_Problem to solve_
Report how many lines in the records below hold the word "java". Add nothing to the number.

(Records from a dataset)
┌────────

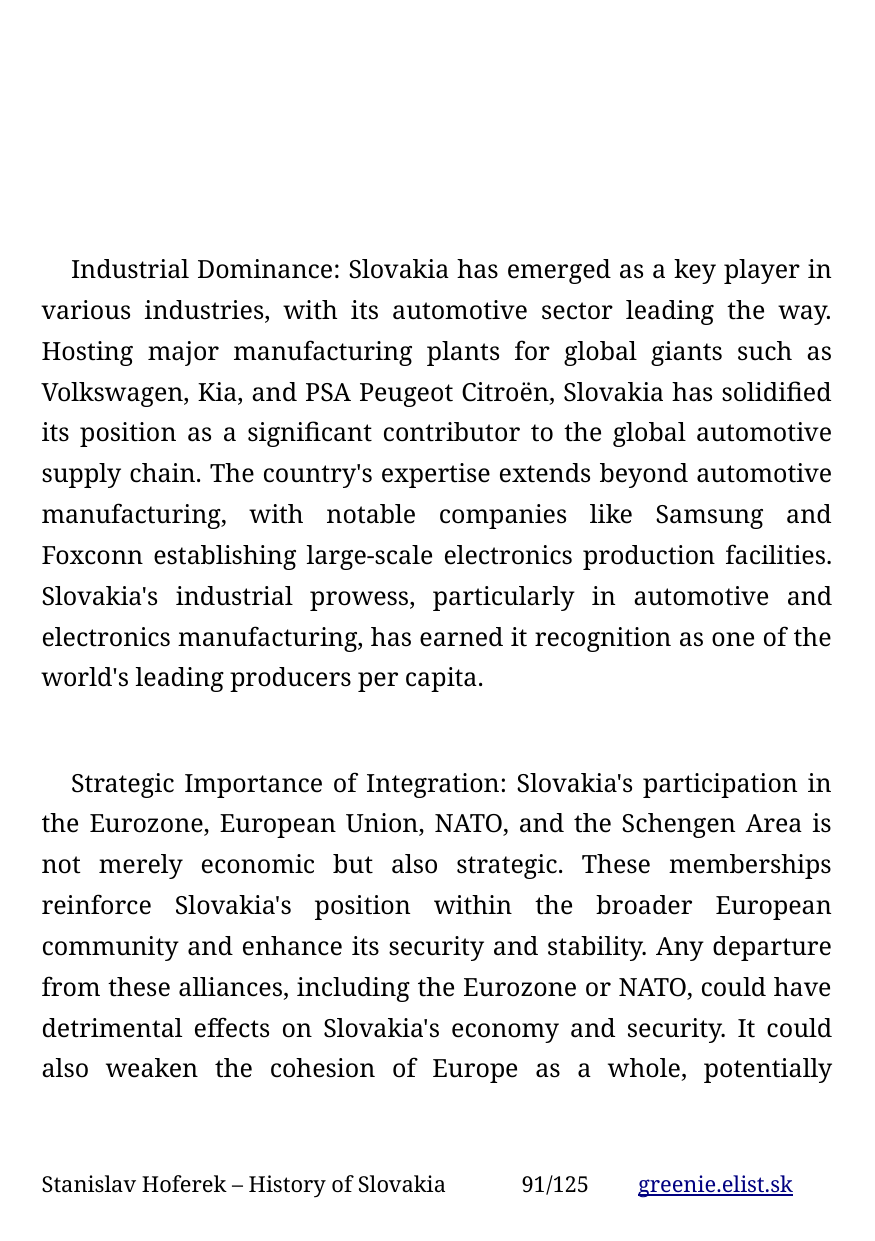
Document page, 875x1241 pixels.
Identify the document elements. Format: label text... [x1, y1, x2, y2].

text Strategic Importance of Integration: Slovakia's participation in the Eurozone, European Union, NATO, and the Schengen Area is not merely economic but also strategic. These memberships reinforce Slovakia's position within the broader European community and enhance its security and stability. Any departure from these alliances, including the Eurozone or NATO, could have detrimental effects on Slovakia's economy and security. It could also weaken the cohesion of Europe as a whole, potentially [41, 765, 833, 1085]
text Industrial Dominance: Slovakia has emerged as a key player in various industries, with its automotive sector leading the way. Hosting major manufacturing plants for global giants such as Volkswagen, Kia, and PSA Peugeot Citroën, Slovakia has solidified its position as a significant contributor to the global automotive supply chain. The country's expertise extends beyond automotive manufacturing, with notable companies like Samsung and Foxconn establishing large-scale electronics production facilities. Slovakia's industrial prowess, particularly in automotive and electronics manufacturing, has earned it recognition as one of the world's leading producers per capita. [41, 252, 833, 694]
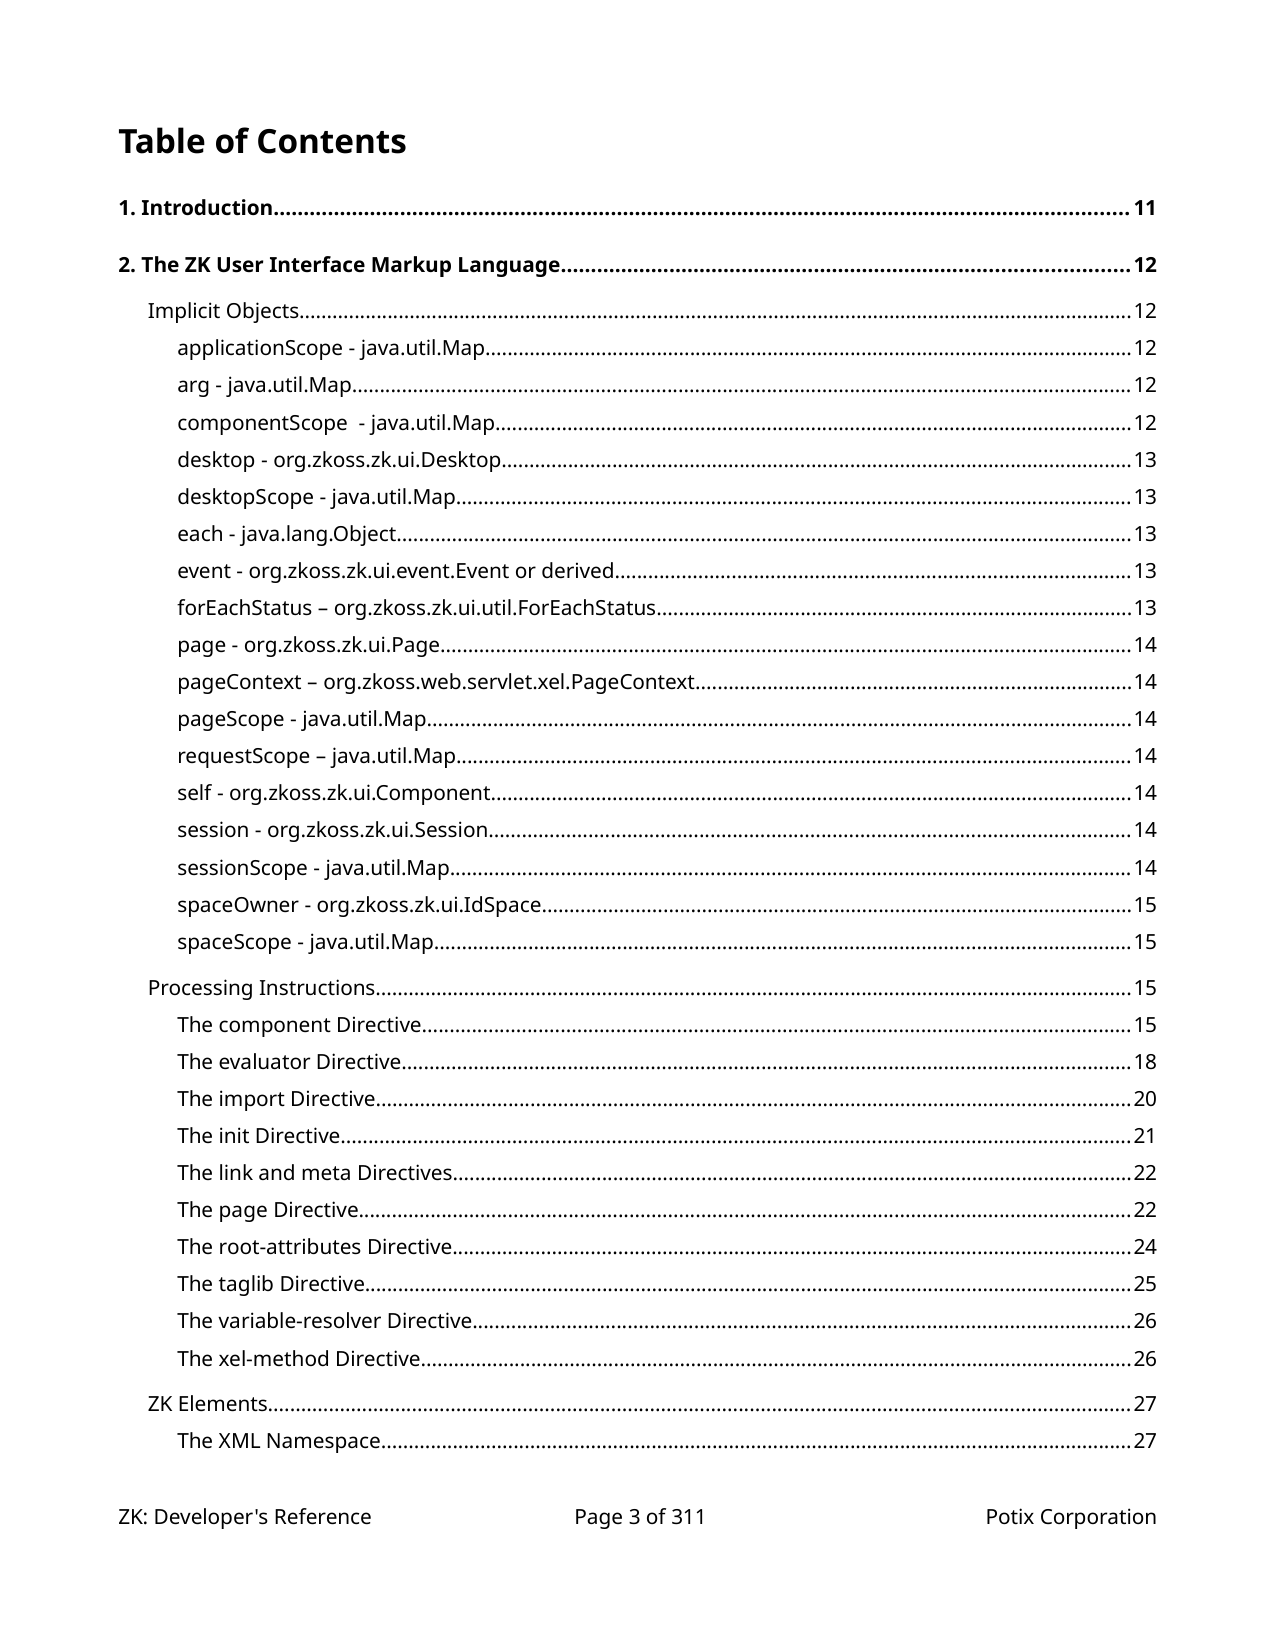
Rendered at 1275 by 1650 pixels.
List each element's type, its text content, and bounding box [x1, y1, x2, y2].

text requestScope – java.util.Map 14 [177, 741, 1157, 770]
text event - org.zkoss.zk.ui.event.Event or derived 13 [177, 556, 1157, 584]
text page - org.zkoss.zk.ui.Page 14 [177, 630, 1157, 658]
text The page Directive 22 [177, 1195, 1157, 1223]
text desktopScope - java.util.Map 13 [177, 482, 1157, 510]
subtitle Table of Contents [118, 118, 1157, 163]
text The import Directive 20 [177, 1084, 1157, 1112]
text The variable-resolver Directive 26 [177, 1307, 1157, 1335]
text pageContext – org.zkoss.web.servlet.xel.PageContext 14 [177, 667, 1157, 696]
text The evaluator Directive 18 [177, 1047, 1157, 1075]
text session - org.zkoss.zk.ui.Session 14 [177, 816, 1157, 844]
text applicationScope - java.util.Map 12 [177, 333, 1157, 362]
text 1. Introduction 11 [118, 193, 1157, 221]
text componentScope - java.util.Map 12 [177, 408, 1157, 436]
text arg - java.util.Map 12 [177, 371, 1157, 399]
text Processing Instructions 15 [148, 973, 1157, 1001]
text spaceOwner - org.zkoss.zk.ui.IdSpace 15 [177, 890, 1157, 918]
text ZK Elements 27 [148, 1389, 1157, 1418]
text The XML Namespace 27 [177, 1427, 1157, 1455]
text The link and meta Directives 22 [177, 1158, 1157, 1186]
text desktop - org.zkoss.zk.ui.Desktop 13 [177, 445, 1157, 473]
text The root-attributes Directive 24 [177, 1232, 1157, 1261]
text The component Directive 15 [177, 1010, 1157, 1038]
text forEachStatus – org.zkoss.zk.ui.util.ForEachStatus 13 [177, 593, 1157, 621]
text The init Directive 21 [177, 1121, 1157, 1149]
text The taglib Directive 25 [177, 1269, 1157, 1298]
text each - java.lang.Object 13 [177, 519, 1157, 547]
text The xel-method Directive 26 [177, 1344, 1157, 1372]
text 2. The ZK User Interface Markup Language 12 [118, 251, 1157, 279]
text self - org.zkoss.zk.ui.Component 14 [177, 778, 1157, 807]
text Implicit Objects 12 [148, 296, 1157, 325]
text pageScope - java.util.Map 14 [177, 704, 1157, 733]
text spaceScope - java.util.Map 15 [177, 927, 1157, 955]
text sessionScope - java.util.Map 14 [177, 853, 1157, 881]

└────────

_Solution to the exercise_
9